Background and objectives: The Congress of Neurological Surgeons Self-Assessment for Neurological Surgeons questions are widely used by neurosurgical residents to prepare for written board examinations. Recently, these questions have also served as benchmarks for evaluating large language models' (LLMs) neurosurgical knowledge. LLMs show significant promise for transforming neurosurgical practice; however, they are susceptible to in-text distractions and confounding factors. Given the increasing use of generative artificial intelligence and ambient dictation technologies, clinical text is at a larger risk for the inclusion of extraneous details. The aim of this study was to assess the performance of state-of-the-art LLMs on neurosurgery board-like questions and to evaluate their robustness to the inclusion of distractor statements.
Methods: A comprehensive evaluation was conducted using 28 state-of-the-art LLMs. These models were tested on 2904 neurosurgery board examination questions derived from the Congress of Neurological Surgeons Self-Assessment for Neurological Surgeons. In addition, the study introduced a distraction framework to assess the fragility of these models. The framework incorporated simple, irrelevant distractor statements containing polysemous words with clinical meanings used in nonclinical contexts to determine the extent to which such distractions degrade model performance on standard medical benchmarks.

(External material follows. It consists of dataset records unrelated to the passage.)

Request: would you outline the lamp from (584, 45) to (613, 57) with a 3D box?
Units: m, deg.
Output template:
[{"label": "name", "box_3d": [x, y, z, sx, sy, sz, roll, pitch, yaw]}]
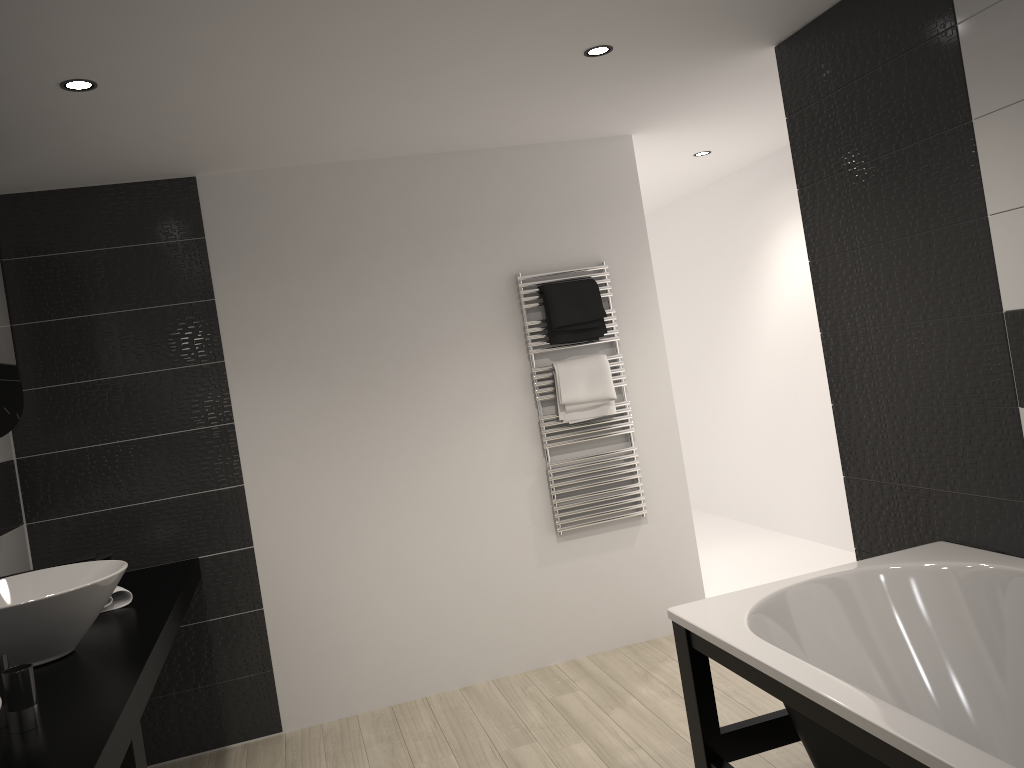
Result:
[{"label": "lamp", "box_3d": [0.308, -1.185, 3.156, 0.106, 0.004, 0.105, -10, 2, -30]}]

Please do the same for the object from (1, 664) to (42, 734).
[{"label": "object", "box_3d": [-1.099, 0.704, 1.986, 0.063, 0.134, 0.063, -9, 0, 20]}]

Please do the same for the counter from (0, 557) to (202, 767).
[{"label": "counter", "box_3d": [-1.196, 0.830, 1.958, 0.656, 0.084, 3.841, -9, 2, -15]}]

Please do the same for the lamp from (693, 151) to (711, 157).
[{"label": "lamp", "box_3d": [1.138, -1.376, 5.297, 0.105, 0.004, 0.106, -8, 2, 36]}]

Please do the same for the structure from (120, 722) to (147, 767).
[{"label": "structure", "box_3d": [-1.063, 1.235, 2.062, 0.465, 0.762, 0.125, -9, 0, -15]}]

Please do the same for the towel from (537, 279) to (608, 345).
[{"label": "towel", "box_3d": [0.306, -0.353, 4.323, 0.301, 0.309, 0.141, -9, 0, -18]}]

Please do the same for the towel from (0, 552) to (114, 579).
[{"label": "towel", "box_3d": [-1.627, 0.692, 3.139, 0.407, 0.131, 0.387, -10, 2, -28]}]

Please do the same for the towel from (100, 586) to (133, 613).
[{"label": "towel", "box_3d": [-1.580, 0.755, 3.135, 0.407, 0.133, 0.389, -10, 2, -30]}]

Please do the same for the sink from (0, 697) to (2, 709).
[{"label": "sink", "box_3d": [-1.077, 0.675, 1.343, 0.558, 0.212, 0.561, -8, 2, 29]}]

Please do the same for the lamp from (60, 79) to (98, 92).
[{"label": "lamp", "box_3d": [-1.326, -0.914, 2.713, 0.105, 0.004, 0.106, -8, 2, 18]}]

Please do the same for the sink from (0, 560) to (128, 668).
[{"label": "sink", "box_3d": [-1.403, 0.692, 2.579, 0.561, 0.212, 0.558, -10, 2, -36]}]

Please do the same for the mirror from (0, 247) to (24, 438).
[{"label": "mirror", "box_3d": [-1.581, -0.253, 1.983, 0.258, 0.901, 2.611, -9, 1, -15]}]

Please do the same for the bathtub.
[{"label": "bathtub", "box_3d": [1.272, 0.917, 1.755, 1.009, 0.676, 2.177, -9, 1, -15]}]

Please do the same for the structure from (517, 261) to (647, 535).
[{"label": "structure", "box_3d": [0.347, 0.061, 4.366, 0.473, 1.292, 0.039, -9, 0, -15]}]

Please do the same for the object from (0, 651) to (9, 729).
[{"label": "object", "box_3d": [-1.187, 0.679, 2.035, 0.063, 0.208, 0.063, -9, 0, -35]}]

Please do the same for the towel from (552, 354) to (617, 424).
[{"label": "towel", "box_3d": [0.353, 0.026, 4.329, 0.303, 0.309, 0.098, -9, 0, -14]}]
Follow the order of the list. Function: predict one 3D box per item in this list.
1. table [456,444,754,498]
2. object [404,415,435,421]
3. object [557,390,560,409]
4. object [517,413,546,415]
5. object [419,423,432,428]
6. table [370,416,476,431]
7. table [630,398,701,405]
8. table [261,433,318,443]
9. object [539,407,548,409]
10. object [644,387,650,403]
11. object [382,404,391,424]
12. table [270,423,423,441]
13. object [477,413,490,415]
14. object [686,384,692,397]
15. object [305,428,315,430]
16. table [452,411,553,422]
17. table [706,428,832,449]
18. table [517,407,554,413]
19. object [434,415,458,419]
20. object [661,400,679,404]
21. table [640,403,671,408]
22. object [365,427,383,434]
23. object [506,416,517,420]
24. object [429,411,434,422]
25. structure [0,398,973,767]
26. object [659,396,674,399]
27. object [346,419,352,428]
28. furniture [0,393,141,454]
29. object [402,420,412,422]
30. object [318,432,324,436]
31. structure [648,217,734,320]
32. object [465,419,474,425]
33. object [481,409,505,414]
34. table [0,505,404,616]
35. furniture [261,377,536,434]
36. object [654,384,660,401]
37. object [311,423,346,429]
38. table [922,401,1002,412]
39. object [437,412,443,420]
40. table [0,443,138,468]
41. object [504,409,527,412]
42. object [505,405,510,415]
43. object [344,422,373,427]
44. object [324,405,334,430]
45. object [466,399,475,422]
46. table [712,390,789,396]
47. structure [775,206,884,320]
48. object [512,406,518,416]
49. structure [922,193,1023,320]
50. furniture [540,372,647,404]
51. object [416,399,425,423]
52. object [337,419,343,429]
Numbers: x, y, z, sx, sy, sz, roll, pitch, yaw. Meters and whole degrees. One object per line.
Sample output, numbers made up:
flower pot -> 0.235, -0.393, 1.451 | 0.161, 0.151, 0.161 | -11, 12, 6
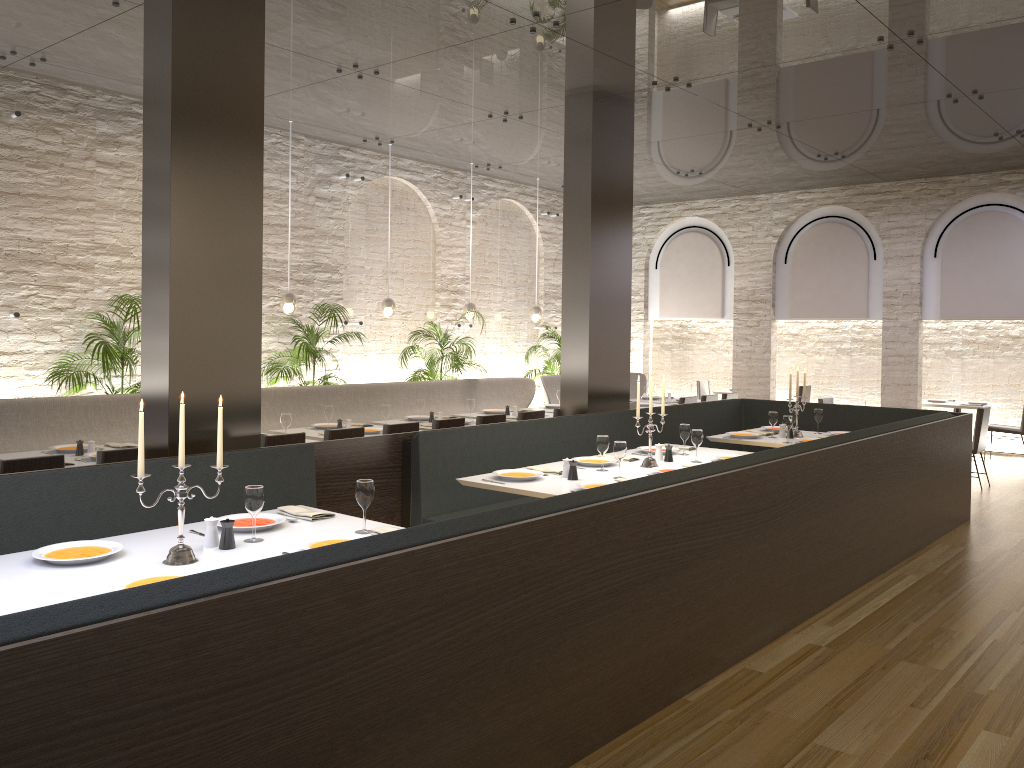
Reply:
table -> 0.884, 0.943, 6.044 | 1.101, 0.759, 2.539 | 3, 4, 40
object -> -0.946, 0.352, 9.054 | 0.322, 0.036, 0.322 | 2, 3, 18
object -> 0.574, 0.192, 10.537 | 0.086, 0.231, 0.086 | 0, 1, -20
object -> 0.216, 0.338, 9.606 | 0.322, 0.036, 0.322 | 2, 3, 18
object -> -0.766, 0.397, 8.433 | 0.273, 0.033, 0.143 | 3, 4, 40
table -> -0.742, 0.760, 8.886 | 0.937, 0.759, 1.011 | 3, 3, 40
table -> 2.165, 0.607, 12.364 | 0.937, 0.759, 1.011 | 3, 3, 40
table -> -2.233, 0.839, 7.101 | 0.937, 0.759, 1.011 | 3, 3, 40
object -> 0.401, 0.291, 10.673 | 0.185, 0.010, 0.017 | 4, 4, 40
object -> 1.764, 0.152, 11.563 | 0.086, 0.231, 0.086 | 0, 1, -20
object -> -1.147, 0.305, 8.080 | 0.086, 0.231, 0.086 | 0, 2, -44
table -> -1.487, 0.799, 7.994 | 0.937, 0.759, 1.011 | 3, 3, 40
object -> -0.316, 0.329, 9.814 | 0.185, 0.010, 0.017 | 4, 4, 40
object -> 2.487, 0.113, 12.428 | 0.086, 0.231, 0.086 | 0, 1, -20
object -> -1.812, 0.408, 8.024 | 0.185, 0.010, 0.017 | 4, 4, 40
table -> 0.009, 0.720, 9.784 | 0.937, 0.759, 1.011 | 3, 3, 40
table -> 2.523, 0.857, 8.006 | 1.101, 0.759, 1.188 | 3, 3, 40
table -> 0.726, 0.683, 10.642 | 0.937, 0.759, 1.011 | 3, 3, 40
object -> -0.713, 0.349, 9.305 | 0.273, 0.033, 0.143 | 3, 4, 40
object -> 2.140, 0.244, 11.911 | 0.273, 0.033, 0.143 | 3, 4, 40
table -> 1.433, 0.645, 11.489 | 0.937, 0.759, 1.011 | 3, 3, 40
object -> -1.279, 0.417, 7.817 | 0.322, 0.036, 0.322 | 2, 3, 22
object -> -0.015, 0.357, 9.331 | 0.273, 0.033, 0.143 | 3, 4, 40
object -> -0.801, 0.327, 8.845 | 0.059, 0.109, 0.059 | 2, 2, 31
structure -> -0.109, 0.877, 4.821 | 2.374, 1.000, 10.751 | 3, 4, 40
object -> 2.194, 0.195, 12.783 | 0.273, 0.033, 0.143 | 3, 4, 40
object -> -1.463, 0.368, 7.943 | 0.059, 0.109, 0.059 | 2, 2, 31
furniture -> -4.026, 0.699, 6.128 | 0.709, 1.096, 4.477 | 2, 3, 40
object -> -1.067, 0.369, 8.916 | 0.185, 0.010, 0.017 | 4, 4, 40
object -> -1.511, 0.436, 7.541 | 0.273, 0.033, 0.143 | 3, 4, 40
structure -> 2.945, -1.890, 14.526 | 1.635, 1.674, 0.098 | 2, 2, 40
object -> -0.535, 0.378, 8.707 | 0.322, 0.036, 0.322 | 2, 3, 18
object -> -0.195, 0.313, 9.952 | 0.322, 0.036, 0.322 | 2, 3, 18
table -> -1.479, 1.068, 3.216 | 1.101, 0.759, 2.539 | 3, 4, 40
furniture -> -1.051, 0.542, 9.689 | 0.709, 1.096, 4.477 | 2, 3, 40
object -> 2.001, 0.117, 12.244 | 0.086, 0.231, 0.086 | 0, 1, -20
object -> -1.690, 0.391, 8.163 | 0.322, 0.036, 0.322 | 2, 3, 22
table -> 6.333, 0.653, 12.622 | 0.937, 0.759, 1.011 | 3, 3, 40
object -> -0.718, 0.329, 8.835 | 0.059, 0.109, 0.059 | 2, 2, 31
table -> -2.960, 0.877, 6.232 | 0.937, 0.759, 1.011 | 3, 3, 40
object -> 0.038, 0.309, 10.203 | 0.273, 0.033, 0.143 | 3, 4, 40
object -> -0.050, 0.287, 9.743 | 0.059, 0.109, 0.059 | 2, 2, 31
object -> -1.458, 0.388, 8.413 | 0.273, 0.033, 0.143 | 3, 4, 40
object -> -1.633, 0.308, 7.895 | 0.086, 0.231, 0.086 | 1, 1, -2
object -> -0.419, 0.267, 8.951 | 0.086, 0.231, 0.086 | 1, 1, -8
table -> 3.954, 0.507, 14.610 | 0.937, 0.759, 1.011 | 3, 3, 40
structure -> 4.680, -1.784, 13.077 | 1.635, 1.674, 0.098 | 2, 2, 40
object -> 0.033, 0.289, 9.733 | 0.059, 0.109, 0.059 | 2, 2, 31
structure -> 6.306, -1.684, 11.718 | 1.635, 1.674, 0.098 | 2, 2, 40
furniture -> 1.308, 0.418, 12.510 | 0.708, 1.096, 2.585 | 2, 3, 40
object -> -0.905, 0.270, 8.767 | 0.086, 0.231, 0.086 | 1, 1, -8
object -> -1.546, 0.366, 7.953 | 0.059, 0.109, 0.059 | 2, 2, 31
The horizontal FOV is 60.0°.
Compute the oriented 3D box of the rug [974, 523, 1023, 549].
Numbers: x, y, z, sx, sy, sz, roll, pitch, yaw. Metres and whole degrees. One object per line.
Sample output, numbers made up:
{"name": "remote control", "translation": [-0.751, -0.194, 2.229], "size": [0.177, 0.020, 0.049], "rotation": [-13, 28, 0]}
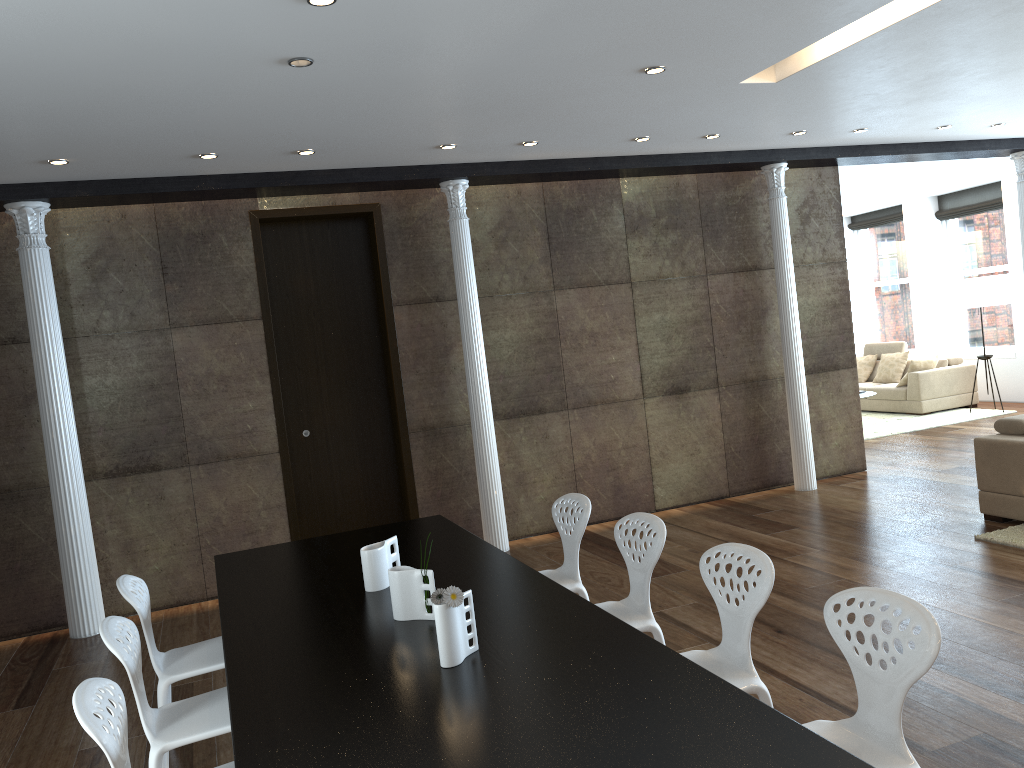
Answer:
{"name": "rug", "translation": [5.513, 0.759, 5.119], "size": [4.231, 0.020, 2.972], "rotation": [-8, 3, -19]}

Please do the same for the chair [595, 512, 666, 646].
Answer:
{"name": "chair", "translation": [0.385, 1.012, 3.767], "size": [0.581, 0.835, 0.495], "rotation": [-8, 3, -19]}

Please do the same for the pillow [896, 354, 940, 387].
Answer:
{"name": "pillow", "translation": [5.456, -0.177, 11.903], "size": [0.518, 0.393, 0.395], "rotation": [-8, 3, -23]}

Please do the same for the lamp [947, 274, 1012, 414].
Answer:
{"name": "lamp", "translation": [5.976, -0.488, 11.229], "size": [0.698, 1.728, 0.698], "rotation": [-6, 3, 4]}

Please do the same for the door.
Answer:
{"name": "door", "translation": [-1.408, 0.049, 7.028], "size": [1.000, 2.814, 0.510], "rotation": [-8, 3, -19]}

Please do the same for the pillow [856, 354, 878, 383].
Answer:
{"name": "pillow", "translation": [5.200, -0.233, 13.281], "size": [0.368, 0.416, 0.519], "rotation": [-8, 3, -24]}

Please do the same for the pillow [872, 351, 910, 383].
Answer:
{"name": "pillow", "translation": [5.421, -0.238, 12.697], "size": [0.301, 0.439, 0.534], "rotation": [-8, 3, -23]}

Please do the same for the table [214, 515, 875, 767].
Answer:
{"name": "table", "translation": [-0.347, 1.182, 3.141], "size": [1.200, 0.733, 3.400], "rotation": [-8, 3, -19]}

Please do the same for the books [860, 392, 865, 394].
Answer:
{"name": "books", "translation": [4.454, 0.121, 11.618], "size": [0.300, 0.010, 0.220], "rotation": [-6, 3, 16]}

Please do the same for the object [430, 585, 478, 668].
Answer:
{"name": "object", "translation": [-0.157, 0.701, 2.616], "size": [0.161, 0.233, 0.076], "rotation": [-9, 4, -38]}

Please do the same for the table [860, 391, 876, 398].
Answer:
{"name": "table", "translation": [4.215, 0.356, 11.551], "size": [1.022, 0.393, 1.022], "rotation": [-5, 3, 25]}

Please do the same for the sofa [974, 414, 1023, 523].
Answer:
{"name": "sofa", "translation": [4.616, 0.337, 6.189], "size": [2.581, 0.950, 1.021], "rotation": [-8, 3, -19]}

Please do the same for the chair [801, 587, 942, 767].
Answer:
{"name": "chair", "translation": [0.856, 1.030, 2.408], "size": [0.581, 0.835, 0.495], "rotation": [-8, 3, -19]}

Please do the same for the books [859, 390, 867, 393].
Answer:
{"name": "books", "translation": [4.460, 0.110, 11.642], "size": [0.300, 0.010, 0.220], "rotation": [-7, 3, -4]}

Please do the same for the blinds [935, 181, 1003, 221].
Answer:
{"name": "blinds", "translation": [6.516, -2.580, 12.458], "size": [0.156, 0.393, 1.342], "rotation": [-8, 3, -19]}

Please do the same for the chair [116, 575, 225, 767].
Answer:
{"name": "chair", "translation": [-1.362, 1.207, 3.886], "size": [0.581, 0.835, 0.495], "rotation": [-8, 3, -19]}

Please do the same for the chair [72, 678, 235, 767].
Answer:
{"name": "chair", "translation": [-0.890, 1.224, 2.563], "size": [0.581, 0.835, 0.495], "rotation": [-8, 3, -19]}

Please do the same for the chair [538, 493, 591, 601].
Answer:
{"name": "chair", "translation": [0.133, 1.006, 4.416], "size": [0.581, 0.835, 0.495], "rotation": [-8, 3, -19]}

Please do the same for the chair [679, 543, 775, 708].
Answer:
{"name": "chair", "translation": [0.624, 1.022, 3.070], "size": [0.581, 0.835, 0.495], "rotation": [-8, 3, -19]}

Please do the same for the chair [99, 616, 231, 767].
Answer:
{"name": "chair", "translation": [-1.126, 1.216, 3.224], "size": [0.581, 0.835, 0.495], "rotation": [-8, 3, -19]}

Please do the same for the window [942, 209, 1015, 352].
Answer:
{"name": "window", "translation": [6.691, -1.581, 12.532], "size": [0.123, 2.400, 1.345], "rotation": [-8, 3, -19]}

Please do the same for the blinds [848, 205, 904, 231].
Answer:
{"name": "blinds", "translation": [5.908, -2.660, 14.142], "size": [0.156, 0.275, 1.442], "rotation": [-8, 3, -19]}

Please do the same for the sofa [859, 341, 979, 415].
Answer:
{"name": "sofa", "translation": [5.339, -0.111, 12.939], "size": [1.018, 0.950, 2.581], "rotation": [-8, 3, -19]}

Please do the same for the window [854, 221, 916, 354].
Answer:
{"name": "window", "translation": [6.089, -1.602, 14.223], "size": [0.123, 2.400, 1.444], "rotation": [-8, 3, -19]}

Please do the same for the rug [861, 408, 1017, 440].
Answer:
{"name": "rug", "translation": [4.203, 0.510, 12.562], "size": [2.972, 0.020, 4.231], "rotation": [-8, 3, -19]}
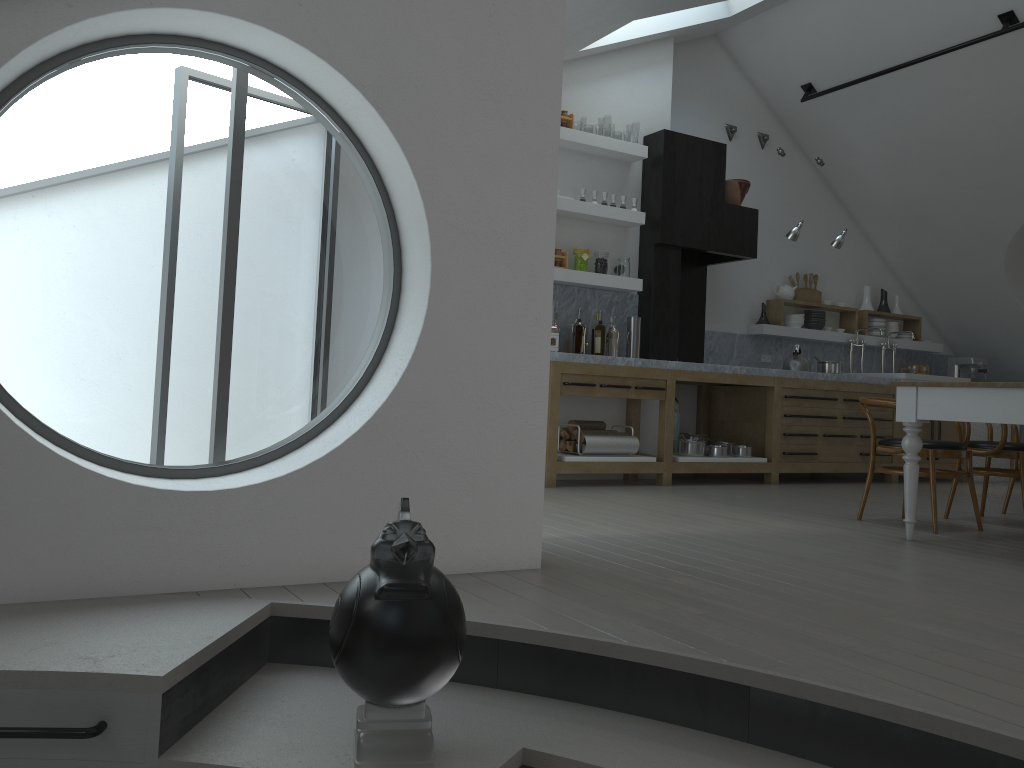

Results: Six of the 28 tested LLMs achieved board-passing outcomes, with the top-performing models scoring over 15.7% above the passing threshold. When exposed to distractions, accuracy across various model architectures was significantly reduced-by as much as 20.4%-with 1 model failing that had previously passed. Both general-purpose and medical open-source models experienced greater performance declines compared with proprietary variants when subjected to the added distractors.
Conclusion: While current LLMs demonstrate an impressive ability to answer neurosurgery board-like examination questions, their performance is markedly vulnerable to extraneous, distracting information. These findings underscore the critical need for developing novel mitigation strategies aimed at bolstering LLM resilience against in-text distractions, particularly for safe and effective clinical deployment.
Keywords: Benchmarks; LLMs; Neurosurgical boards questions; SANS.